The Philips label became subsumed into Decca who had, some years earlier, signed the notable Italian tenor and Verdi specialist Luciano Pavarotti. He wished to record some early Verdi items which appear in this collection, perhaps to the detriment of other recordings as I amplify below. The greater opportunity then came about with the incorporation, along with the Decca and Philips labels, of Deutsche Grammophon into the conglomerate that is Universal Music. Others have since followed this path of rationalisation resulting in a few conglomerates dominating the much-slimmed down classical music recording schedule. However, the upside is the possibility of collections such as this. DG had Karajan as a regular contributor to their recorded repertoire mainly in the orchestral field. The company had ventured forth in the early 1960s with an adventurous stereo recording of Don Carlo featuring the redoubtable duo of Boris Christoff and Ettore Bastianini. Along with others this was based on La Scala performances, but marred by some second division singers in other roles. What did come along with the DG label, and which are notable inclusions in this collection, were studio recordings of the revisions of both Macbeth in 1976 and Simon Boccanegra in 1977. Both were under Claudio Abbado’s baton. These projects followed highly successful stagings by Giorgio Strehler at La Scala. Also originating with the DG label, and included, is Abbado’s recording of Don Carlos, the original French version, with appendices of music excised before the premiere in 1867 because of time limitations. Also arriving with the DG label were recordings conducted by Carlo Maria Giulini, considered a great Verdian who in 1955 had conducted, to wide acclaim, Maria Callas in Visconti’s renowned production of La Traviata at La Scala. A shy and even diffident man, he had seemed, for a period, to have missed out on recording opportunities until DG remedied the deficiency with the live and studio recordings included here.
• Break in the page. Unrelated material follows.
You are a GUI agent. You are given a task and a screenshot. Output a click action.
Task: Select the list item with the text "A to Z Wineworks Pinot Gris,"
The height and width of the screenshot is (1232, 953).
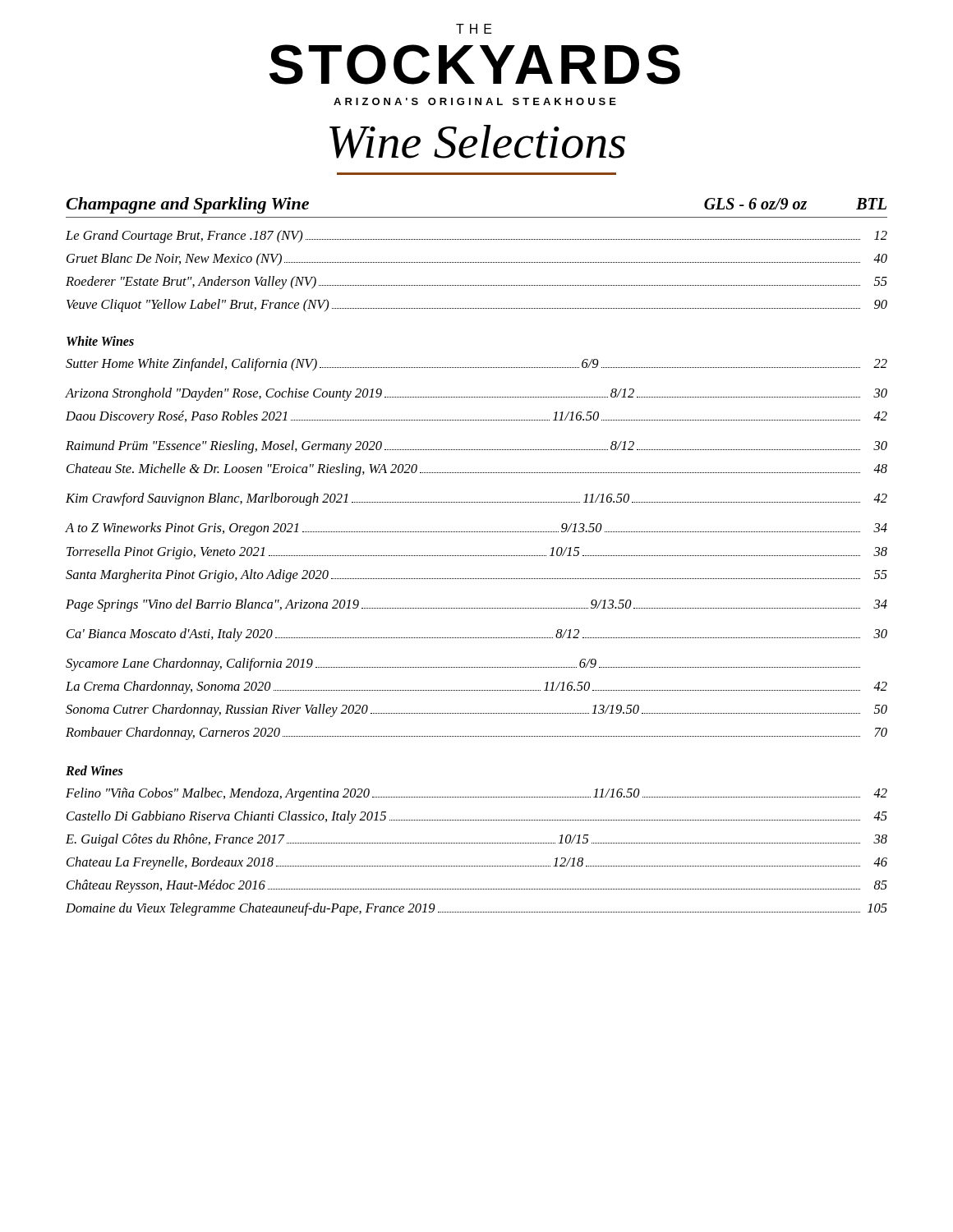coord(476,528)

Also from DG was the conducting genius that was Carlos Kleiber in one of his all too rare visits to the recording studio with his version of Verdi’s most performed opera, La Traviata.
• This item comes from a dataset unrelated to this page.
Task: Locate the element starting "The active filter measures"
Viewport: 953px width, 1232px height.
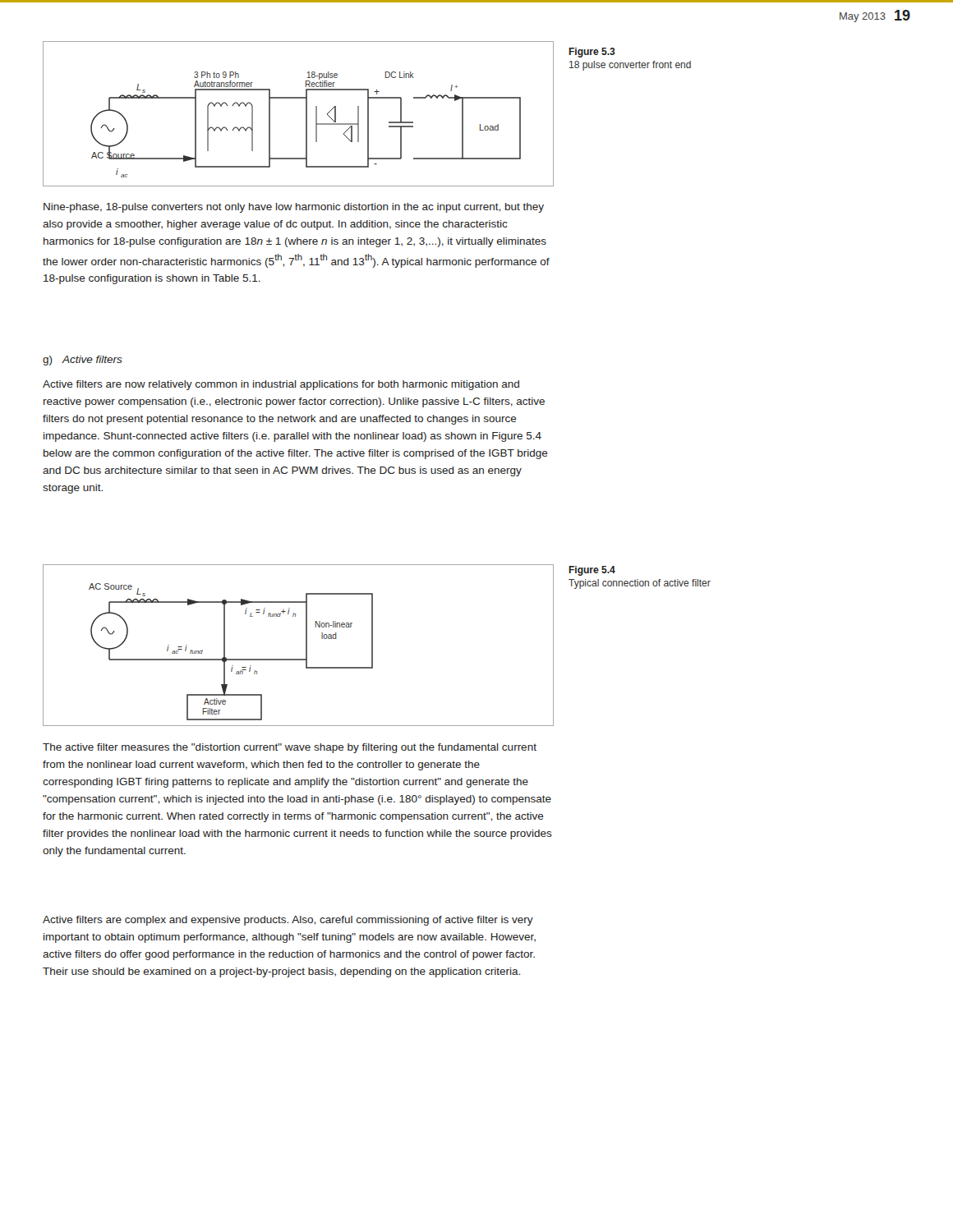Action: (x=297, y=799)

Whilst Universal’s stable provides nearly all the recordings in this collection there are notable exceptions as well as confirmatory denials of the claim for the contents to be all of Verdi’s music. Most notable is the EMI insignia on the recording of Verdi’s twentieth opera I Vespri Siciliani, the Italian version of Les Vêpres Siciliennes composed for the Paris Opéra, Verdi’s first wholly new opera for that theatre and premiered in 1855. The only other studio recording of this work specifically destined for the record industry was made for RCA in 1973 and features Martina Arroyo, Domingo, Milnes and Raimondi under a rather hectic Levine. The EMI recording included here is taken from several live performances in the notoriously difficult acoustic of La Scala at the end of 1989 and the following month. A recording of the original French version was made by the BBC under Verdi scholar Julian Budden’s aegis in 1970 and has since been issued in CD format by Opera Rara (review). The recording of the original version of the composer's La Forza del destino is taken from performances on the Philips recording in the year that the theatre presented the work in reproductions of the original 1862 sets. A recording of the production is also available on DVD made a couple of years later (Arthaus 100 078). As with Les Vêpres Siciliennes the only other generally available recording comes from Budden’s BBC series of recordings and is issued on CD by Opera Rara (review).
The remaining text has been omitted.